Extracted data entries
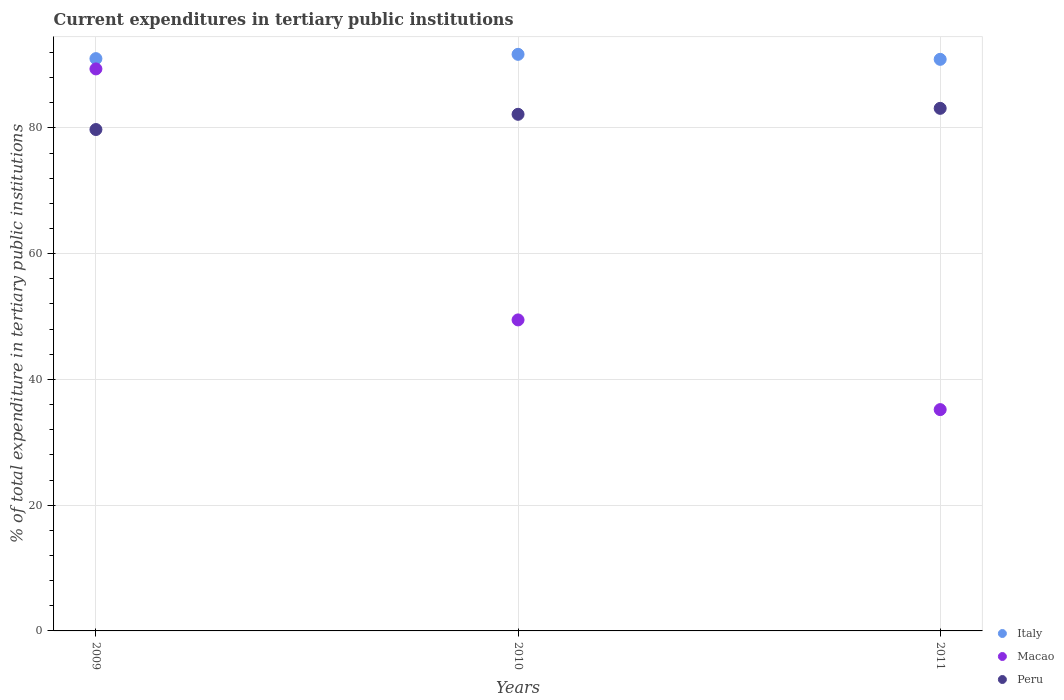How many different coloured dotlines are there?
Your response must be concise. 3. What is the current expenditures in tertiary public institutions in Italy in 2009?
Ensure brevity in your answer.  91.03. Across all years, what is the maximum current expenditures in tertiary public institutions in Macao?
Your response must be concise. 89.39. Across all years, what is the minimum current expenditures in tertiary public institutions in Peru?
Offer a terse response. 79.75. What is the total current expenditures in tertiary public institutions in Peru in the graph?
Give a very brief answer. 245.04. What is the difference between the current expenditures in tertiary public institutions in Italy in 2009 and that in 2011?
Offer a terse response. 0.11. What is the difference between the current expenditures in tertiary public institutions in Italy in 2011 and the current expenditures in tertiary public institutions in Macao in 2009?
Provide a succinct answer. 1.52. What is the average current expenditures in tertiary public institutions in Italy per year?
Your response must be concise. 91.22. In the year 2010, what is the difference between the current expenditures in tertiary public institutions in Macao and current expenditures in tertiary public institutions in Italy?
Your answer should be compact. -42.24. What is the ratio of the current expenditures in tertiary public institutions in Peru in 2009 to that in 2010?
Offer a terse response. 0.97. Is the current expenditures in tertiary public institutions in Macao in 2009 less than that in 2010?
Keep it short and to the point. No. Is the difference between the current expenditures in tertiary public institutions in Macao in 2009 and 2010 greater than the difference between the current expenditures in tertiary public institutions in Italy in 2009 and 2010?
Provide a succinct answer. Yes. What is the difference between the highest and the second highest current expenditures in tertiary public institutions in Macao?
Provide a short and direct response. 39.92. What is the difference between the highest and the lowest current expenditures in tertiary public institutions in Peru?
Ensure brevity in your answer.  3.37. Is the current expenditures in tertiary public institutions in Peru strictly greater than the current expenditures in tertiary public institutions in Macao over the years?
Your answer should be very brief. No. What is the difference between two consecutive major ticks on the Y-axis?
Ensure brevity in your answer.  20. Does the graph contain grids?
Give a very brief answer. Yes. Where does the legend appear in the graph?
Provide a succinct answer. Bottom right. How many legend labels are there?
Ensure brevity in your answer.  3. What is the title of the graph?
Provide a short and direct response. Current expenditures in tertiary public institutions. What is the label or title of the Y-axis?
Give a very brief answer. % of total expenditure in tertiary public institutions. What is the % of total expenditure in tertiary public institutions of Italy in 2009?
Your answer should be compact. 91.03. What is the % of total expenditure in tertiary public institutions in Macao in 2009?
Offer a very short reply. 89.39. What is the % of total expenditure in tertiary public institutions in Peru in 2009?
Offer a very short reply. 79.75. What is the % of total expenditure in tertiary public institutions in Italy in 2010?
Give a very brief answer. 91.71. What is the % of total expenditure in tertiary public institutions in Macao in 2010?
Keep it short and to the point. 49.47. What is the % of total expenditure in tertiary public institutions in Peru in 2010?
Give a very brief answer. 82.17. What is the % of total expenditure in tertiary public institutions in Italy in 2011?
Give a very brief answer. 90.92. What is the % of total expenditure in tertiary public institutions in Macao in 2011?
Offer a very short reply. 35.2. What is the % of total expenditure in tertiary public institutions in Peru in 2011?
Ensure brevity in your answer.  83.12. Across all years, what is the maximum % of total expenditure in tertiary public institutions of Italy?
Make the answer very short. 91.71. Across all years, what is the maximum % of total expenditure in tertiary public institutions of Macao?
Your answer should be very brief. 89.39. Across all years, what is the maximum % of total expenditure in tertiary public institutions in Peru?
Keep it short and to the point. 83.12. Across all years, what is the minimum % of total expenditure in tertiary public institutions of Italy?
Your answer should be compact. 90.92. Across all years, what is the minimum % of total expenditure in tertiary public institutions in Macao?
Your answer should be very brief. 35.2. Across all years, what is the minimum % of total expenditure in tertiary public institutions of Peru?
Offer a very short reply. 79.75. What is the total % of total expenditure in tertiary public institutions in Italy in the graph?
Offer a very short reply. 273.65. What is the total % of total expenditure in tertiary public institutions in Macao in the graph?
Provide a short and direct response. 174.06. What is the total % of total expenditure in tertiary public institutions of Peru in the graph?
Ensure brevity in your answer.  245.04. What is the difference between the % of total expenditure in tertiary public institutions in Italy in 2009 and that in 2010?
Make the answer very short. -0.68. What is the difference between the % of total expenditure in tertiary public institutions of Macao in 2009 and that in 2010?
Give a very brief answer. 39.92. What is the difference between the % of total expenditure in tertiary public institutions in Peru in 2009 and that in 2010?
Provide a succinct answer. -2.42. What is the difference between the % of total expenditure in tertiary public institutions in Italy in 2009 and that in 2011?
Make the answer very short. 0.11. What is the difference between the % of total expenditure in tertiary public institutions of Macao in 2009 and that in 2011?
Your answer should be compact. 54.19. What is the difference between the % of total expenditure in tertiary public institutions in Peru in 2009 and that in 2011?
Provide a succinct answer. -3.37. What is the difference between the % of total expenditure in tertiary public institutions of Italy in 2010 and that in 2011?
Make the answer very short. 0.8. What is the difference between the % of total expenditure in tertiary public institutions of Macao in 2010 and that in 2011?
Provide a succinct answer. 14.27. What is the difference between the % of total expenditure in tertiary public institutions in Peru in 2010 and that in 2011?
Your response must be concise. -0.95. What is the difference between the % of total expenditure in tertiary public institutions in Italy in 2009 and the % of total expenditure in tertiary public institutions in Macao in 2010?
Offer a very short reply. 41.56. What is the difference between the % of total expenditure in tertiary public institutions of Italy in 2009 and the % of total expenditure in tertiary public institutions of Peru in 2010?
Ensure brevity in your answer.  8.86. What is the difference between the % of total expenditure in tertiary public institutions in Macao in 2009 and the % of total expenditure in tertiary public institutions in Peru in 2010?
Keep it short and to the point. 7.22. What is the difference between the % of total expenditure in tertiary public institutions in Italy in 2009 and the % of total expenditure in tertiary public institutions in Macao in 2011?
Ensure brevity in your answer.  55.83. What is the difference between the % of total expenditure in tertiary public institutions of Italy in 2009 and the % of total expenditure in tertiary public institutions of Peru in 2011?
Make the answer very short. 7.91. What is the difference between the % of total expenditure in tertiary public institutions of Macao in 2009 and the % of total expenditure in tertiary public institutions of Peru in 2011?
Your answer should be compact. 6.27. What is the difference between the % of total expenditure in tertiary public institutions of Italy in 2010 and the % of total expenditure in tertiary public institutions of Macao in 2011?
Your response must be concise. 56.51. What is the difference between the % of total expenditure in tertiary public institutions in Italy in 2010 and the % of total expenditure in tertiary public institutions in Peru in 2011?
Your response must be concise. 8.59. What is the difference between the % of total expenditure in tertiary public institutions in Macao in 2010 and the % of total expenditure in tertiary public institutions in Peru in 2011?
Provide a short and direct response. -33.65. What is the average % of total expenditure in tertiary public institutions of Italy per year?
Your response must be concise. 91.22. What is the average % of total expenditure in tertiary public institutions of Macao per year?
Provide a short and direct response. 58.02. What is the average % of total expenditure in tertiary public institutions of Peru per year?
Ensure brevity in your answer.  81.68. In the year 2009, what is the difference between the % of total expenditure in tertiary public institutions in Italy and % of total expenditure in tertiary public institutions in Macao?
Make the answer very short. 1.64. In the year 2009, what is the difference between the % of total expenditure in tertiary public institutions of Italy and % of total expenditure in tertiary public institutions of Peru?
Keep it short and to the point. 11.28. In the year 2009, what is the difference between the % of total expenditure in tertiary public institutions in Macao and % of total expenditure in tertiary public institutions in Peru?
Offer a very short reply. 9.64. In the year 2010, what is the difference between the % of total expenditure in tertiary public institutions in Italy and % of total expenditure in tertiary public institutions in Macao?
Give a very brief answer. 42.24. In the year 2010, what is the difference between the % of total expenditure in tertiary public institutions of Italy and % of total expenditure in tertiary public institutions of Peru?
Offer a terse response. 9.54. In the year 2010, what is the difference between the % of total expenditure in tertiary public institutions in Macao and % of total expenditure in tertiary public institutions in Peru?
Give a very brief answer. -32.7. In the year 2011, what is the difference between the % of total expenditure in tertiary public institutions of Italy and % of total expenditure in tertiary public institutions of Macao?
Give a very brief answer. 55.71. In the year 2011, what is the difference between the % of total expenditure in tertiary public institutions in Italy and % of total expenditure in tertiary public institutions in Peru?
Your answer should be compact. 7.79. In the year 2011, what is the difference between the % of total expenditure in tertiary public institutions in Macao and % of total expenditure in tertiary public institutions in Peru?
Your answer should be compact. -47.92. What is the ratio of the % of total expenditure in tertiary public institutions of Italy in 2009 to that in 2010?
Make the answer very short. 0.99. What is the ratio of the % of total expenditure in tertiary public institutions in Macao in 2009 to that in 2010?
Your response must be concise. 1.81. What is the ratio of the % of total expenditure in tertiary public institutions of Peru in 2009 to that in 2010?
Offer a very short reply. 0.97. What is the ratio of the % of total expenditure in tertiary public institutions of Italy in 2009 to that in 2011?
Ensure brevity in your answer.  1. What is the ratio of the % of total expenditure in tertiary public institutions in Macao in 2009 to that in 2011?
Ensure brevity in your answer.  2.54. What is the ratio of the % of total expenditure in tertiary public institutions of Peru in 2009 to that in 2011?
Keep it short and to the point. 0.96. What is the ratio of the % of total expenditure in tertiary public institutions in Italy in 2010 to that in 2011?
Your response must be concise. 1.01. What is the ratio of the % of total expenditure in tertiary public institutions in Macao in 2010 to that in 2011?
Your answer should be very brief. 1.41. What is the difference between the highest and the second highest % of total expenditure in tertiary public institutions of Italy?
Keep it short and to the point. 0.68. What is the difference between the highest and the second highest % of total expenditure in tertiary public institutions in Macao?
Give a very brief answer. 39.92. What is the difference between the highest and the second highest % of total expenditure in tertiary public institutions in Peru?
Give a very brief answer. 0.95. What is the difference between the highest and the lowest % of total expenditure in tertiary public institutions in Italy?
Your answer should be compact. 0.8. What is the difference between the highest and the lowest % of total expenditure in tertiary public institutions of Macao?
Provide a succinct answer. 54.19. What is the difference between the highest and the lowest % of total expenditure in tertiary public institutions of Peru?
Offer a terse response. 3.37.

Work to be completed >> What is needed is a verbatim copy of every line in the records above from the one containing "Provide a succinct answer. -2.42." down to the one containing "Make the answer very short. 0.8.", both included, and nothing more.

Finished exercise >>
Provide a succinct answer. -2.42. What is the difference between the % of total expenditure in tertiary public institutions in Italy in 2009 and that in 2011?
Make the answer very short. 0.11. What is the difference between the % of total expenditure in tertiary public institutions of Macao in 2009 and that in 2011?
Your answer should be compact. 54.19. What is the difference between the % of total expenditure in tertiary public institutions in Peru in 2009 and that in 2011?
Provide a succinct answer. -3.37. What is the difference between the % of total expenditure in tertiary public institutions of Italy in 2010 and that in 2011?
Make the answer very short. 0.8. What is the difference between the % of total expenditure in tertiary public institutions of Macao in 2010 and that in 2011?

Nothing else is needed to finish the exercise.